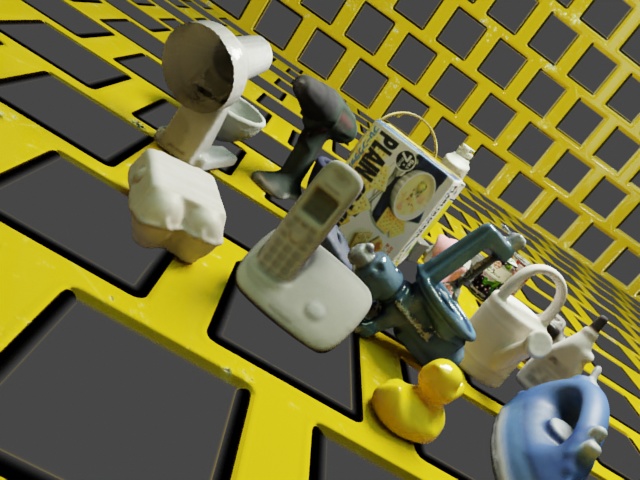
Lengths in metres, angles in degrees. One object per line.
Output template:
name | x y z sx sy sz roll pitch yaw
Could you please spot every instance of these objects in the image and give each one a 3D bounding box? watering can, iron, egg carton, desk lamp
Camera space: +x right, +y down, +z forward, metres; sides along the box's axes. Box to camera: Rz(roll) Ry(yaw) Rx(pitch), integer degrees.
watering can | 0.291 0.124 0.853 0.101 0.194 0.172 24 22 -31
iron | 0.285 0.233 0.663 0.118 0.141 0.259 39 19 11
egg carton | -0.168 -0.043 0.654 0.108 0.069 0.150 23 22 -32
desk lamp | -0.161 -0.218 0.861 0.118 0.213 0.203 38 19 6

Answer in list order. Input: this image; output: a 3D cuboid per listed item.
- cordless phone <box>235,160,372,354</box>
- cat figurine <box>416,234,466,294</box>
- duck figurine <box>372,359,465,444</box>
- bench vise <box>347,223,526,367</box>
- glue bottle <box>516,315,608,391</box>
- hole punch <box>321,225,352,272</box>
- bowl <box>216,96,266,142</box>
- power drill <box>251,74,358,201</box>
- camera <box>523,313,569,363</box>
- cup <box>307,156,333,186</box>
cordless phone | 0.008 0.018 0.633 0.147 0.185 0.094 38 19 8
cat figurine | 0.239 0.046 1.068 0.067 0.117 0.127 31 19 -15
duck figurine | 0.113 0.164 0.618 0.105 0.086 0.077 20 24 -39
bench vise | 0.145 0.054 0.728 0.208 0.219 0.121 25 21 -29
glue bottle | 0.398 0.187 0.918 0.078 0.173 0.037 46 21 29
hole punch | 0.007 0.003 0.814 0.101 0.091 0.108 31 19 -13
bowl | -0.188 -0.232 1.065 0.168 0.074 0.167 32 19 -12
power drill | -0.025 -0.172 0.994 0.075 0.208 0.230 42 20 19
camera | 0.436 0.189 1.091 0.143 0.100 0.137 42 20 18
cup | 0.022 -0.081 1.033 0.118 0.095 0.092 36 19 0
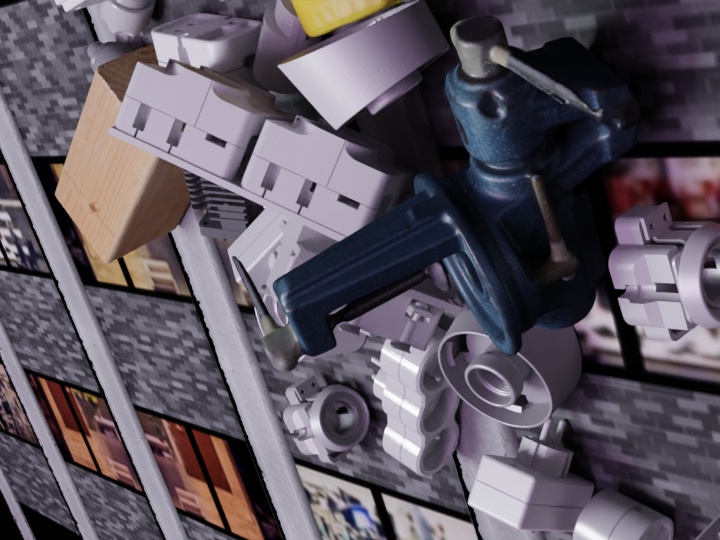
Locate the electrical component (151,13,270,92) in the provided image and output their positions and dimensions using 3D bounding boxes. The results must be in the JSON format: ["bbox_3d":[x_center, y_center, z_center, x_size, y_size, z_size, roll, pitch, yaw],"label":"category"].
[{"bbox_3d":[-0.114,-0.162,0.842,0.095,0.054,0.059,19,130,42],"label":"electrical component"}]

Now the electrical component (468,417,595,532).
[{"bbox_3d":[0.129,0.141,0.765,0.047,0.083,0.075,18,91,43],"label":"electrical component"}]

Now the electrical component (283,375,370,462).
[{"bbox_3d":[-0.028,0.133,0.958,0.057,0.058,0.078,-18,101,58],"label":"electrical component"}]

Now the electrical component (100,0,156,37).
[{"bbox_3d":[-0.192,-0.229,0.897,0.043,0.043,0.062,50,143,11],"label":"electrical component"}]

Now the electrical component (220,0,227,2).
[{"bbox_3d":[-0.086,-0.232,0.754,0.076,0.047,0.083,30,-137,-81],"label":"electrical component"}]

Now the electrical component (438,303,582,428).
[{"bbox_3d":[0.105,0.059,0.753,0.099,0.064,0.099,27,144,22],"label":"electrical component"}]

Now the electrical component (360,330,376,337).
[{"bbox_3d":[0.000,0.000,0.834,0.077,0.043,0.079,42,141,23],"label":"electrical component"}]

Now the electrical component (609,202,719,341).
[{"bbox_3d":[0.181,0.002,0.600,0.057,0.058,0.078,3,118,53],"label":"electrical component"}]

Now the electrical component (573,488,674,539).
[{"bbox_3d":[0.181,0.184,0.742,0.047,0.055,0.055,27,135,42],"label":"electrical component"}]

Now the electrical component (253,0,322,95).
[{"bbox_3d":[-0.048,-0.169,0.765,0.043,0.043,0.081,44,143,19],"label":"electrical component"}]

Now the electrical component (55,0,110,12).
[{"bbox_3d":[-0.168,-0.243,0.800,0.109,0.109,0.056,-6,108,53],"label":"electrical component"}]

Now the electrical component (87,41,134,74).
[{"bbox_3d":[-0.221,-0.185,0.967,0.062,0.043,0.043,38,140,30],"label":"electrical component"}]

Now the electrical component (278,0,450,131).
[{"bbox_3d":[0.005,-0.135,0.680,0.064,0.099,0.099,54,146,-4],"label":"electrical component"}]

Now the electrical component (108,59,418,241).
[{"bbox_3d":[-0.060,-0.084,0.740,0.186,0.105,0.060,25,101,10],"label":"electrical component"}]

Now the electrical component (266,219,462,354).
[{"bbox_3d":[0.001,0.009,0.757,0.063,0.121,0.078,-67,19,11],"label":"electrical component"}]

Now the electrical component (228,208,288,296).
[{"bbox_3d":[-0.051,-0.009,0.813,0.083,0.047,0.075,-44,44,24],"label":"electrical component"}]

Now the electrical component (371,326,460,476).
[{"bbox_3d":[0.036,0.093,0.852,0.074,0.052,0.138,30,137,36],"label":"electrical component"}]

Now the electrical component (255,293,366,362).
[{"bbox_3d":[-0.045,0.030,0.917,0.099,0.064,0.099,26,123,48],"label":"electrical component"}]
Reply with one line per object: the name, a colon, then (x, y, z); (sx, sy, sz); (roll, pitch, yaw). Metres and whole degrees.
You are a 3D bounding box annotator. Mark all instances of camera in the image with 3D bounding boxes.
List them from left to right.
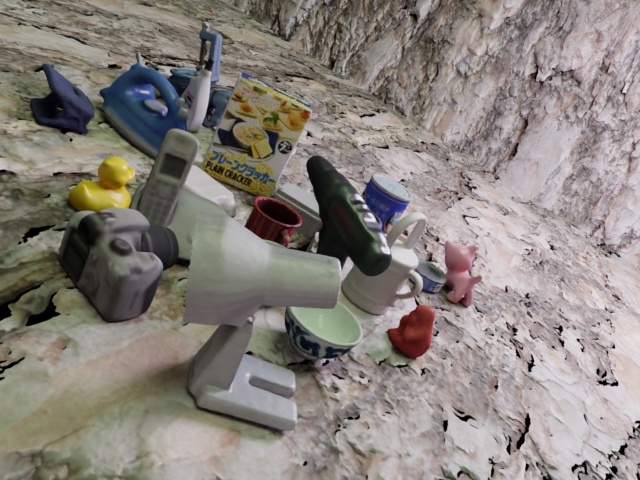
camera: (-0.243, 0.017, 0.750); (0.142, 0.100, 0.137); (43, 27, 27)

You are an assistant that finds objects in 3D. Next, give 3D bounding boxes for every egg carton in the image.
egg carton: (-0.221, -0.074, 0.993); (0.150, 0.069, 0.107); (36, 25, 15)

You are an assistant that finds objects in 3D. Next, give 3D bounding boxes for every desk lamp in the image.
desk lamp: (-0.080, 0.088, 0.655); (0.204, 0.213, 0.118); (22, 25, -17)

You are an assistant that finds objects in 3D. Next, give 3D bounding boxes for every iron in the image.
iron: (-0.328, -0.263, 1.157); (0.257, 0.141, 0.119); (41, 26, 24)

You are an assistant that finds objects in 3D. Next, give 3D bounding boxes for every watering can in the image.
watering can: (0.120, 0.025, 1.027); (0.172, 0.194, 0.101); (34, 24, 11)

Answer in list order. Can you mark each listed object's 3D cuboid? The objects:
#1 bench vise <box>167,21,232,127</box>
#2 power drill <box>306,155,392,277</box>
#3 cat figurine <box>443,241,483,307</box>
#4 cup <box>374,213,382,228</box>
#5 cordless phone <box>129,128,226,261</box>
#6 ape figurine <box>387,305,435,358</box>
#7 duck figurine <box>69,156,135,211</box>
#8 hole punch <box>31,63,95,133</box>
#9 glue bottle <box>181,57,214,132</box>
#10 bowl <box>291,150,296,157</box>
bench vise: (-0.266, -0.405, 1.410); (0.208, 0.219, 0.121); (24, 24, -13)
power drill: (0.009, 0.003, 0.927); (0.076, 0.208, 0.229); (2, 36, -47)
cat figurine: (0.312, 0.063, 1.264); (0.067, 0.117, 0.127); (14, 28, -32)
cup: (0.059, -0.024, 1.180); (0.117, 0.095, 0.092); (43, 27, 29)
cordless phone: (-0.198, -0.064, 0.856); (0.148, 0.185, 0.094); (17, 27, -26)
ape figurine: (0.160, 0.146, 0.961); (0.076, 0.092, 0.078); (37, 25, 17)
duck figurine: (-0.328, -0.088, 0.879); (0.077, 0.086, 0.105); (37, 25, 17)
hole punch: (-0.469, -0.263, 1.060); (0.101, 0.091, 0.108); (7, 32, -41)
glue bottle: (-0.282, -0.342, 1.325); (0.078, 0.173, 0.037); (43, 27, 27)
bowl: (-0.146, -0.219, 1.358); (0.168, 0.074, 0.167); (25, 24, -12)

*****

Problem: Leaving out the pictures, repeat all of the entries exactly.

Task solution:
Lengths in metres, angles in degrees. One object per line.
Output template:
name | x y z sx sy sz roll pitch yaw
Could you please spot every instance of these objects in the image and give each one a 3D bounding box? watering can, iron, egg carton, desk lamp
Camera space: +x right, +y down, +z forward, metres; sides along the box's axes. Box to camera: Rz(roll) Ry(yaw) Rx(pitch), integer degrees.
watering can | 0.291 0.124 0.853 0.101 0.194 0.172 24 22 -31
iron | 0.285 0.233 0.663 0.118 0.141 0.259 39 19 11
egg carton | -0.168 -0.043 0.654 0.108 0.069 0.150 23 22 -32
desk lamp | -0.161 -0.218 0.861 0.118 0.213 0.203 38 19 6

Answer in list order. Input: this image; output: a 3D cuboid per listed item.
- cordless phone <box>235,160,372,354</box>
- cat figurine <box>416,234,466,294</box>
- duck figurine <box>372,359,465,444</box>
- bench vise <box>347,223,526,367</box>
- glue bottle <box>516,315,608,391</box>
- hole punch <box>321,225,352,272</box>
- bowl <box>216,96,266,142</box>
- power drill <box>251,74,358,201</box>
- camera <box>523,313,569,363</box>
- cup <box>307,156,333,186</box>
cordless phone | 0.008 0.018 0.633 0.147 0.185 0.094 38 19 8
cat figurine | 0.239 0.046 1.068 0.067 0.117 0.127 31 19 -15
duck figurine | 0.113 0.164 0.618 0.105 0.086 0.077 20 24 -39
bench vise | 0.145 0.054 0.728 0.208 0.219 0.121 25 21 -29
glue bottle | 0.398 0.187 0.918 0.078 0.173 0.037 46 21 29
hole punch | 0.007 0.003 0.814 0.101 0.091 0.108 31 19 -13
bowl | -0.188 -0.232 1.065 0.168 0.074 0.167 32 19 -12
power drill | -0.025 -0.172 0.994 0.075 0.208 0.230 42 20 19
camera | 0.436 0.189 1.091 0.143 0.100 0.137 42 20 18
cup | 0.022 -0.081 1.033 0.118 0.095 0.092 36 19 0
Locate the electrical component (151,13,270,92) in the provided image and output their positions and dimensions using 3D bounding boxes. The results must be in the JSON format: ["bbox_3d":[x_center, y_center, z_center, x_size, y_size, z_size, roll, pitch, yaw],"label":"category"].
[{"bbox_3d":[-0.114,-0.162,0.842,0.095,0.054,0.059,19,130,42],"label":"electrical component"}]

Now the electrical component (468,417,595,532).
[{"bbox_3d":[0.129,0.141,0.765,0.047,0.083,0.075,18,91,43],"label":"electrical component"}]

Now the electrical component (283,375,370,462).
[{"bbox_3d":[-0.028,0.133,0.958,0.057,0.058,0.078,-18,101,58],"label":"electrical component"}]

Now the electrical component (100,0,156,37).
[{"bbox_3d":[-0.192,-0.229,0.897,0.043,0.043,0.062,50,143,11],"label":"electrical component"}]

Now the electrical component (220,0,227,2).
[{"bbox_3d":[-0.086,-0.232,0.754,0.076,0.047,0.083,30,-137,-81],"label":"electrical component"}]

Now the electrical component (438,303,582,428).
[{"bbox_3d":[0.105,0.059,0.753,0.099,0.064,0.099,27,144,22],"label":"electrical component"}]

Now the electrical component (360,330,376,337).
[{"bbox_3d":[0.000,0.000,0.834,0.077,0.043,0.079,42,141,23],"label":"electrical component"}]

Now the electrical component (609,202,719,341).
[{"bbox_3d":[0.181,0.002,0.600,0.057,0.058,0.078,3,118,53],"label":"electrical component"}]

Now the electrical component (573,488,674,539).
[{"bbox_3d":[0.181,0.184,0.742,0.047,0.055,0.055,27,135,42],"label":"electrical component"}]

Now the electrical component (253,0,322,95).
[{"bbox_3d":[-0.048,-0.169,0.765,0.043,0.043,0.081,44,143,19],"label":"electrical component"}]

Now the electrical component (55,0,110,12).
[{"bbox_3d":[-0.168,-0.243,0.800,0.109,0.109,0.056,-6,108,53],"label":"electrical component"}]

Now the electrical component (87,41,134,74).
[{"bbox_3d":[-0.221,-0.185,0.967,0.062,0.043,0.043,38,140,30],"label":"electrical component"}]

Now the electrical component (278,0,450,131).
[{"bbox_3d":[0.005,-0.135,0.680,0.064,0.099,0.099,54,146,-4],"label":"electrical component"}]

Now the electrical component (108,59,418,241).
[{"bbox_3d":[-0.060,-0.084,0.740,0.186,0.105,0.060,25,101,10],"label":"electrical component"}]

Now the electrical component (266,219,462,354).
[{"bbox_3d":[0.001,0.009,0.757,0.063,0.121,0.078,-67,19,11],"label":"electrical component"}]

Now the electrical component (228,208,288,296).
[{"bbox_3d":[-0.051,-0.009,0.813,0.083,0.047,0.075,-44,44,24],"label":"electrical component"}]

Now the electrical component (371,326,460,476).
[{"bbox_3d":[0.036,0.093,0.852,0.074,0.052,0.138,30,137,36],"label":"electrical component"}]

Now the electrical component (255,293,366,362).
[{"bbox_3d":[-0.045,0.030,0.917,0.099,0.064,0.099,26,123,48],"label":"electrical component"}]
Reply with one line per object: the name, a colon, then (x, y, z); (sx, sy, sz); (roll, pitch, yaw). Metres and whole degrees.
You are a 3D bounding box annotator. Mark all instances of camera in the image with 3D bounding boxes.
List them from left to right.
camera: (-0.243, 0.017, 0.750); (0.142, 0.100, 0.137); (43, 27, 27)

You are an assistant that finds objects in 3D. Next, give 3D bounding boxes for every egg carton in the image.
egg carton: (-0.221, -0.074, 0.993); (0.150, 0.069, 0.107); (36, 25, 15)

You are an assistant that finds objects in 3D. Next, give 3D bounding boxes for every desk lamp in the image.
desk lamp: (-0.080, 0.088, 0.655); (0.204, 0.213, 0.118); (22, 25, -17)

You are an assistant that finds objects in 3D. Next, give 3D bounding boxes for every iron in the image.
iron: (-0.328, -0.263, 1.157); (0.257, 0.141, 0.119); (41, 26, 24)

You are an assistant that finds objects in 3D. Next, give 3D bounding boxes for every watering can in the image.
watering can: (0.120, 0.025, 1.027); (0.172, 0.194, 0.101); (34, 24, 11)

Answer in list order. Can you mark each listed object's 3D cuboid? The objects:
#1 bench vise <box>167,21,232,127</box>
#2 power drill <box>306,155,392,277</box>
#3 cat figurine <box>443,241,483,307</box>
#4 cup <box>374,213,382,228</box>
#5 cordless phone <box>129,128,226,261</box>
#6 ape figurine <box>387,305,435,358</box>
#7 duck figurine <box>69,156,135,211</box>
#8 hole punch <box>31,63,95,133</box>
#9 glue bottle <box>181,57,214,132</box>
#10 bowl <box>291,150,296,157</box>
bench vise: (-0.266, -0.405, 1.410); (0.208, 0.219, 0.121); (24, 24, -13)
power drill: (0.009, 0.003, 0.927); (0.076, 0.208, 0.229); (2, 36, -47)
cat figurine: (0.312, 0.063, 1.264); (0.067, 0.117, 0.127); (14, 28, -32)
cup: (0.059, -0.024, 1.180); (0.117, 0.095, 0.092); (43, 27, 29)
cordless phone: (-0.198, -0.064, 0.856); (0.148, 0.185, 0.094); (17, 27, -26)
ape figurine: (0.160, 0.146, 0.961); (0.076, 0.092, 0.078); (37, 25, 17)
duck figurine: (-0.328, -0.088, 0.879); (0.077, 0.086, 0.105); (37, 25, 17)
hole punch: (-0.469, -0.263, 1.060); (0.101, 0.091, 0.108); (7, 32, -41)
glue bottle: (-0.282, -0.342, 1.325); (0.078, 0.173, 0.037); (43, 27, 27)
bowl: (-0.146, -0.219, 1.358); (0.168, 0.074, 0.167); (25, 24, -12)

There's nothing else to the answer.